▶ Your task
What is the number of lines in the listing below that include the string "registers"? Answer with that number alone.
┌─ Extracted entries
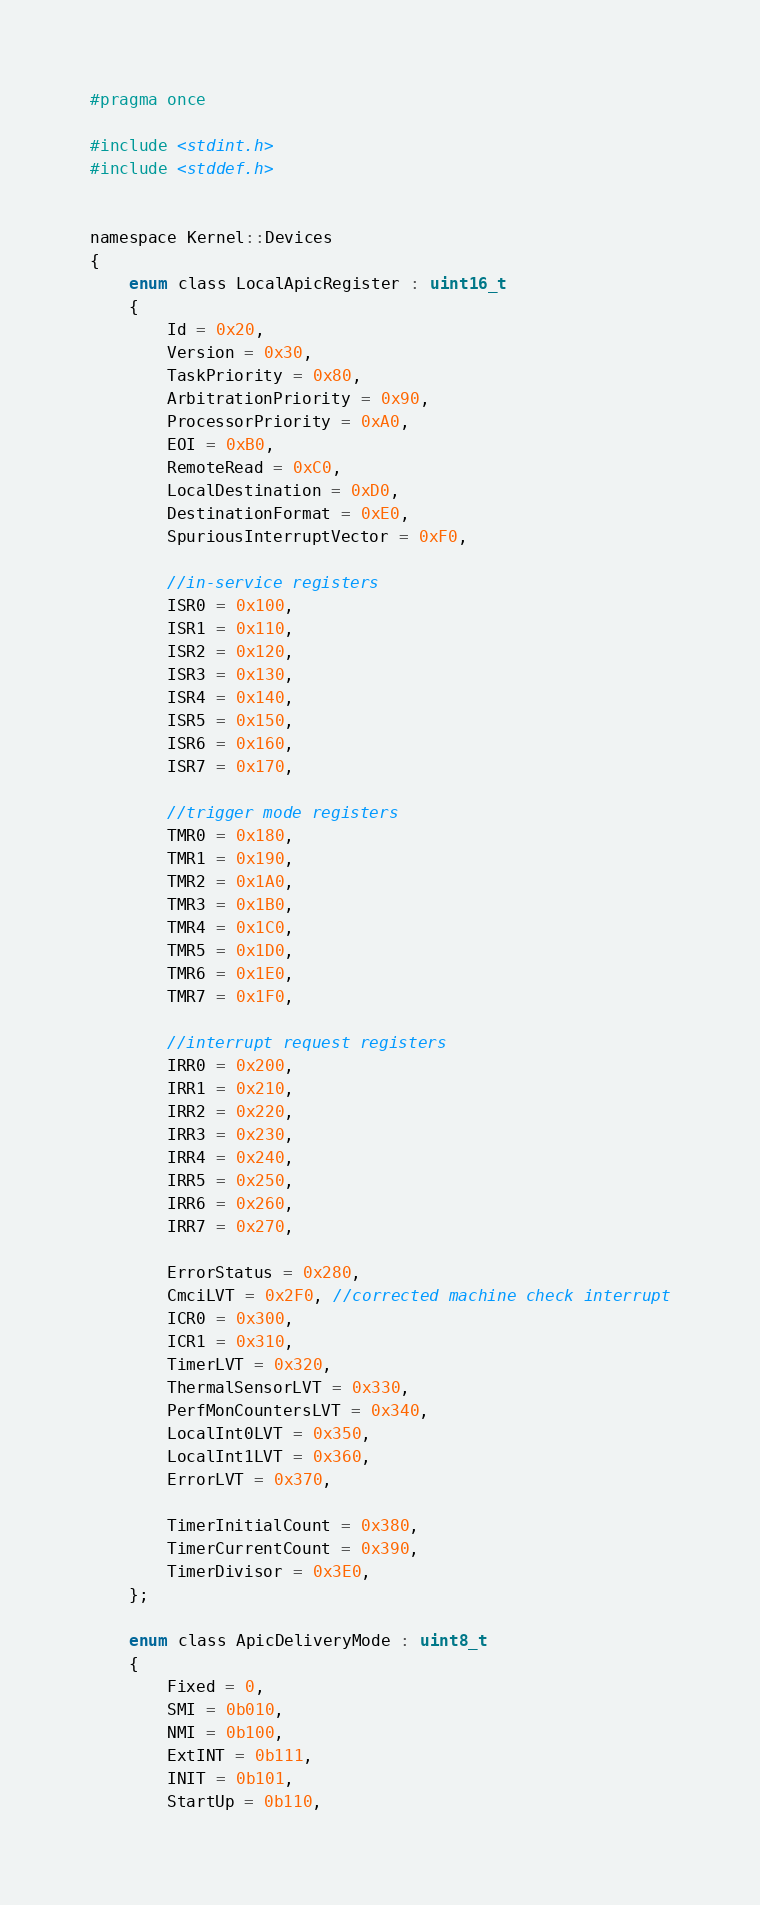Convert code to text. <code><loc_0><loc_0><loc_500><loc_500><_C_>#pragma once

#include <stdint.h>
#include <stddef.h>


namespace Kernel::Devices
{
    enum class LocalApicRegister : uint16_t
    {
        Id = 0x20,
        Version = 0x30,
        TaskPriority = 0x80,
        ArbitrationPriority = 0x90,
        ProcessorPriority = 0xA0,
        EOI = 0xB0,
        RemoteRead = 0xC0,
        LocalDestination = 0xD0,
        DestinationFormat = 0xE0,
        SpuriousInterruptVector = 0xF0,

        //in-service registers
        ISR0 = 0x100,
        ISR1 = 0x110,
        ISR2 = 0x120,
        ISR3 = 0x130,
        ISR4 = 0x140,
        ISR5 = 0x150,
        ISR6 = 0x160,
        ISR7 = 0x170,
        
        //trigger mode registers
        TMR0 = 0x180,
        TMR1 = 0x190,
        TMR2 = 0x1A0,
        TMR3 = 0x1B0,
        TMR4 = 0x1C0,
        TMR5 = 0x1D0,
        TMR6 = 0x1E0,
        TMR7 = 0x1F0,

        //interrupt request registers
        IRR0 = 0x200,
        IRR1 = 0x210,
        IRR2 = 0x220,
        IRR3 = 0x230,
        IRR4 = 0x240,
        IRR5 = 0x250,
        IRR6 = 0x260,
        IRR7 = 0x270,

        ErrorStatus = 0x280,
        CmciLVT = 0x2F0, //corrected machine check interrupt
        ICR0 = 0x300,
        ICR1 = 0x310,
        TimerLVT = 0x320,
        ThermalSensorLVT = 0x330,
        PerfMonCountersLVT = 0x340,
        LocalInt0LVT = 0x350,
        LocalInt1LVT = 0x360,
        ErrorLVT = 0x370,

        TimerInitialCount = 0x380,
        TimerCurrentCount = 0x390,
        TimerDivisor = 0x3E0,
    };

    enum class ApicDeliveryMode : uint8_t
    {
        Fixed = 0,
        SMI = 0b010,
        NMI = 0b100,
        ExtINT = 0b111,
        INIT = 0b101,
        StartUp = 0b110,</code>
└─
▶ Exercise result
3